Organisations had some time to plan, to test and then to execute. Migration was also just a one-way move – it was never thought that you may have to move backwards as well as forwards.
This is no longer the case. The IT world is in a continuous cycle of OS releases and updates that is creating an increasingly hybrid workspace environment – not least because so many organisations still use old OSes such as Windows XP.
Only last year, Windows 8.1 followed Windows 8, in the wake of criticism of the latter version, for example. These more or less continuous updates present several problems and challenges to businesses, particularly in terms of workspace management.
Rapid OS rollouts put IT departments under pressure to keep systems and applications up to date without disrupting the workplace.
The continual change in software is only compounded by the large number of devices and device types now used across an average organisation. It is more difficult than ever for IT departments to manage the workspace environment, deliver a good user experience and remain in control of application access.
Businesses are going to require management and control of the rapidly developing work environment and IT estate. They'll require advice and management of technology and process. It's a real opportunity to add value for customers and drive up revenue.

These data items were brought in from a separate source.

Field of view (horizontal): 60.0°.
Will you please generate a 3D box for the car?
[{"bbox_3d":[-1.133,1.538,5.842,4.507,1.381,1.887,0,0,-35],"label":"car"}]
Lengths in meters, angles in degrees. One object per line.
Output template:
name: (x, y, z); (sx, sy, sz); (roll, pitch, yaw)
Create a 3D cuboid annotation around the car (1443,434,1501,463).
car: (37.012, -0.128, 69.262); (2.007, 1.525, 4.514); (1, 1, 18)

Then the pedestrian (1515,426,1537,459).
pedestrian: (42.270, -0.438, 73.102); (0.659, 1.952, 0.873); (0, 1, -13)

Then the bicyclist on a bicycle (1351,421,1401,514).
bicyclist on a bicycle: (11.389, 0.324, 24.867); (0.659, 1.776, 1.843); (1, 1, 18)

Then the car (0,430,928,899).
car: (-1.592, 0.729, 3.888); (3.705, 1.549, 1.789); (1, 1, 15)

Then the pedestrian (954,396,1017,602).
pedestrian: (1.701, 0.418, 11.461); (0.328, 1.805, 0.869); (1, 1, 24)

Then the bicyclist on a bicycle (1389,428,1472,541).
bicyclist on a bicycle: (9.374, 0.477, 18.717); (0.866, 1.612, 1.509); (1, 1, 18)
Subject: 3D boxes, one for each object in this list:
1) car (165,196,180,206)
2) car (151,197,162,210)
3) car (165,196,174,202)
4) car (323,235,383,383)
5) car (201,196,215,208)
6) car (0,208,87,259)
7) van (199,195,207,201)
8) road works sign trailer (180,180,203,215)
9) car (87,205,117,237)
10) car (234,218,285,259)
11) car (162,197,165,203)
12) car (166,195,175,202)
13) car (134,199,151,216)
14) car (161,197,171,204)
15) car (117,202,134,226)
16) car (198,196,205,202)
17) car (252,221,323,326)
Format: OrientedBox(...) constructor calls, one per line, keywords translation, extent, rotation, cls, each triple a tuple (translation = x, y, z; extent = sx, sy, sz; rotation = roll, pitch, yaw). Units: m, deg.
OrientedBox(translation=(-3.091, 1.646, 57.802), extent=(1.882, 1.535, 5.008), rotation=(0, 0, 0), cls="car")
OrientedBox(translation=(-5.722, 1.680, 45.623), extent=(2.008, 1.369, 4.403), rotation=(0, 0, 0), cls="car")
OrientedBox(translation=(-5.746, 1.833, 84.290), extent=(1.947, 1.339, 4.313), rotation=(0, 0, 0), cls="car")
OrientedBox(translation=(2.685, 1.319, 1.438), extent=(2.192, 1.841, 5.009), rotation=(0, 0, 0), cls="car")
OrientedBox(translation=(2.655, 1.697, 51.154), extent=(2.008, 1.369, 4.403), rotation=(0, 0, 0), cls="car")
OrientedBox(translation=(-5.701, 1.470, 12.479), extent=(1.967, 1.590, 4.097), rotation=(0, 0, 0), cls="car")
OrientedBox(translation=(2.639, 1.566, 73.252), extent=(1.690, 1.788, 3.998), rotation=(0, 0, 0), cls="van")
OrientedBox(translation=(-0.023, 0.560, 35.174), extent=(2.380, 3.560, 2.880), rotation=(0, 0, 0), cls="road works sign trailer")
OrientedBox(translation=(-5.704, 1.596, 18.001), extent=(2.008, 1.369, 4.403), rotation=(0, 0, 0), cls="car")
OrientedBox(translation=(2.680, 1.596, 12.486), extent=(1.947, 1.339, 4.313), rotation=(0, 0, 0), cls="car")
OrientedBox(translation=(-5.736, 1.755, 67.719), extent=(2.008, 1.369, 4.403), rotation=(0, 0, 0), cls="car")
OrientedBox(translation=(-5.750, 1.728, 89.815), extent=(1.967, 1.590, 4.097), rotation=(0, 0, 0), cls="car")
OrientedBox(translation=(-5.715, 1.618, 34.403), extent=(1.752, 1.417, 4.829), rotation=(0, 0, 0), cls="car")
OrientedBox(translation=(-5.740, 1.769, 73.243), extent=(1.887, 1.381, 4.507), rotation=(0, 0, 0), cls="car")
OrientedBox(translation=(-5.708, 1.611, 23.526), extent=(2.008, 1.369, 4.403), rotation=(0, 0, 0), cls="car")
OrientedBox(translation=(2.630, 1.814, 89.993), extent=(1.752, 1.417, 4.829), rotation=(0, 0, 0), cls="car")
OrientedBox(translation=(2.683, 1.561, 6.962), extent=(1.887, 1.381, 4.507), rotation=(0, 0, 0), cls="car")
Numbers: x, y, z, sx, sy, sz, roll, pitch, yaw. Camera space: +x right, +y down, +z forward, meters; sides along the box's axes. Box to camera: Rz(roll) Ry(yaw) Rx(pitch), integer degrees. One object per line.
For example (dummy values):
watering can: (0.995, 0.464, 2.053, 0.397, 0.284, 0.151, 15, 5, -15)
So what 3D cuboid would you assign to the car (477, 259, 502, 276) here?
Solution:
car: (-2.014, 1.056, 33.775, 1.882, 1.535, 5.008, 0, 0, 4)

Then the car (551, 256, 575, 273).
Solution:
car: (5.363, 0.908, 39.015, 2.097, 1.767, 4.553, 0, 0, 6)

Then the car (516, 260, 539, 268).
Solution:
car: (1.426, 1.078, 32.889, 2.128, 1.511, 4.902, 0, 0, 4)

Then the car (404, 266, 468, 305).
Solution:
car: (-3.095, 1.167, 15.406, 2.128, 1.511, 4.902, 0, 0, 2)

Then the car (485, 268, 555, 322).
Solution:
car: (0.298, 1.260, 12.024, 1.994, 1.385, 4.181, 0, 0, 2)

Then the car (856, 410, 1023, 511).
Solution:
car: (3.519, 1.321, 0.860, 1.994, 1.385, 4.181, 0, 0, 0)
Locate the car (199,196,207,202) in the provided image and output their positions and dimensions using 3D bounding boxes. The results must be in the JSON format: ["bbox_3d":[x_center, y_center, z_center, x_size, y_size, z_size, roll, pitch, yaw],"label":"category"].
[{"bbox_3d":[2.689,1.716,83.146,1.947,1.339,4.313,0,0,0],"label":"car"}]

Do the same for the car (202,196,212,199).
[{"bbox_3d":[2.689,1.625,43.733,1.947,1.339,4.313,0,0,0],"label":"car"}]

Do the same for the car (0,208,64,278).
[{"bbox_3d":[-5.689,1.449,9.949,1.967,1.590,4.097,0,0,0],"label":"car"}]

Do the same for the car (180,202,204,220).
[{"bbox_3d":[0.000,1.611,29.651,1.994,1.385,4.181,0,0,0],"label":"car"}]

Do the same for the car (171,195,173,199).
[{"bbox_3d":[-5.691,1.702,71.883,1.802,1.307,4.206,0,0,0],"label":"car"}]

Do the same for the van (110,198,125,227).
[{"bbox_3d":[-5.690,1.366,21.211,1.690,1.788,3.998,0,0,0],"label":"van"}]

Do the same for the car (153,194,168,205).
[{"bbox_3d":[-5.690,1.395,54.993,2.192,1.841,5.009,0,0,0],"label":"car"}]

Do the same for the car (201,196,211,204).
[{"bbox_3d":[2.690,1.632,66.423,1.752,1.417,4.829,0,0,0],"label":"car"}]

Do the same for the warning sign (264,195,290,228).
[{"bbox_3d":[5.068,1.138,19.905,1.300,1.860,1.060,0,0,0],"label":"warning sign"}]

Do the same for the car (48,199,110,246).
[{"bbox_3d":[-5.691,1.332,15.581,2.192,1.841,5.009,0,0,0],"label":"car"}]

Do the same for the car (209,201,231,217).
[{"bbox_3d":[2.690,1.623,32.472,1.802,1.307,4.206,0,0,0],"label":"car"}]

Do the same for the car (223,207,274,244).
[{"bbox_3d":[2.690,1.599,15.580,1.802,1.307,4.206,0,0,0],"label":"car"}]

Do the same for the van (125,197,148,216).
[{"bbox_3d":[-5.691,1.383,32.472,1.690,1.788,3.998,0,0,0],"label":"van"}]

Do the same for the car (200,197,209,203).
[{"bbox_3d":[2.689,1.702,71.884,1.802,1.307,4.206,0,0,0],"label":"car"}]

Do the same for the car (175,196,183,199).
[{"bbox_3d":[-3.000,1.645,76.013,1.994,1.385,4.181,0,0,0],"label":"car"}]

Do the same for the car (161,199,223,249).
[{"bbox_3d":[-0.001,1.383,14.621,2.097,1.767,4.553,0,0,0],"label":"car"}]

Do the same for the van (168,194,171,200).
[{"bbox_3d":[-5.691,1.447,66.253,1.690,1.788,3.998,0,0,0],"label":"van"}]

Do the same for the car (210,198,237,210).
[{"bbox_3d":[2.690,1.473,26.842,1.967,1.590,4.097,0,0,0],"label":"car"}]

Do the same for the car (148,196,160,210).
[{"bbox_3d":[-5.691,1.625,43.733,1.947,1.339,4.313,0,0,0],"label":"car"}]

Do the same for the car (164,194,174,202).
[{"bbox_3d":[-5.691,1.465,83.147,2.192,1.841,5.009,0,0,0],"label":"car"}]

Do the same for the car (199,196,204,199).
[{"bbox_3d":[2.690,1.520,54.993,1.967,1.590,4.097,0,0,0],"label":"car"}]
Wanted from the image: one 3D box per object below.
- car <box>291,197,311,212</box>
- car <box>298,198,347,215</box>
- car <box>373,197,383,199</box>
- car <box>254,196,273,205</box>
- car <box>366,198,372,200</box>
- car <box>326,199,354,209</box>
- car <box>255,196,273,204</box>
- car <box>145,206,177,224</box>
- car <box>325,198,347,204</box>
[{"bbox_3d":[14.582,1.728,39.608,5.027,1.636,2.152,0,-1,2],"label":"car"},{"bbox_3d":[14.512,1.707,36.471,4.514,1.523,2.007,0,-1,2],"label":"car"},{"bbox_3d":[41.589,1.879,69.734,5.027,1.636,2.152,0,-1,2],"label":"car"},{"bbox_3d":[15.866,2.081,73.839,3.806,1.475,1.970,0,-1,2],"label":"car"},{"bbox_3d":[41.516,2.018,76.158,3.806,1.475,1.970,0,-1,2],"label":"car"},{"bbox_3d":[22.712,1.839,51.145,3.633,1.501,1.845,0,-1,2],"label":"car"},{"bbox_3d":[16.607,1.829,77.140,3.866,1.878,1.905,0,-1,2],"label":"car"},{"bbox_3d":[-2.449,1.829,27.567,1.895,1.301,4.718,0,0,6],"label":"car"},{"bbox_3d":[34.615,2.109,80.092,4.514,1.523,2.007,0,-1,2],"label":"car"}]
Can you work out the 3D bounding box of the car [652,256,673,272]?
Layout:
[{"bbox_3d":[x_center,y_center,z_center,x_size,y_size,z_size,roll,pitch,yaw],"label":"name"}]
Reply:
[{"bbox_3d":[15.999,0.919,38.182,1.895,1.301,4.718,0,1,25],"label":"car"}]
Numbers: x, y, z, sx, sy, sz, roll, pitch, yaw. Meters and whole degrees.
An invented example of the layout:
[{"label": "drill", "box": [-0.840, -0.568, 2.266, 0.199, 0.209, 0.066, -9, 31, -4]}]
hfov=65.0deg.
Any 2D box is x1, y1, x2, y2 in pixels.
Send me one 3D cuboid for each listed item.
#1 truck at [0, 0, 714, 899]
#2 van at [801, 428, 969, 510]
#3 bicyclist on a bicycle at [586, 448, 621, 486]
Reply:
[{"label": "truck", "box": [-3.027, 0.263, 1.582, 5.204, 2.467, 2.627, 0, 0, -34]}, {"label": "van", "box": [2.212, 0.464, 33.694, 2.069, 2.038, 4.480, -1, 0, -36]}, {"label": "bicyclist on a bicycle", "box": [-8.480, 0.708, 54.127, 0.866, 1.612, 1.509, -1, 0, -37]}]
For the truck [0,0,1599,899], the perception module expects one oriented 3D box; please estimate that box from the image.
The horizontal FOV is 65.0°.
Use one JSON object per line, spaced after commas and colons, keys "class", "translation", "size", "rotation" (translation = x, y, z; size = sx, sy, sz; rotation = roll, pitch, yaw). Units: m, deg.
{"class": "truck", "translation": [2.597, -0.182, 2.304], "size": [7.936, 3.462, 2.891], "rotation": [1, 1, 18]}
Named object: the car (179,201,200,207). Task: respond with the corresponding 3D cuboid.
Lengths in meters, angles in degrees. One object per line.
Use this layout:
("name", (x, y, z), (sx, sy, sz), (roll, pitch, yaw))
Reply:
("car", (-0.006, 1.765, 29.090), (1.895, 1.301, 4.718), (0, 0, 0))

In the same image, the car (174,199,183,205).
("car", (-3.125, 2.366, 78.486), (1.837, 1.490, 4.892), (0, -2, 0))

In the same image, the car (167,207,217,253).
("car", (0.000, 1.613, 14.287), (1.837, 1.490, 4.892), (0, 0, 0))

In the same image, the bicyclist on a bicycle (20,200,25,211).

Will firms move straight to Windows 10 or an earlier, now-dated version? Their responses will present resellers with a variety of opportunities. The general consensus from the channel has been that Windows 10 is a marked improvement on 8 and 8.1, which many felt were too different to previous versions.
Microsoft has been gathering user feedback with a view to improving the final release. Windows 8 and 8.1 saw a relatively low level of uptake, so resellers can feel confident that more organisations will be persuaded to upgrade to 10, particularly if they are using an OS as old as XP.
I have heard a lot of people over the past three years tell me that Windows 7 would be the last migration they ever did.
But businesses have to accept that the world of IT will be locked in a state of near-constant migration.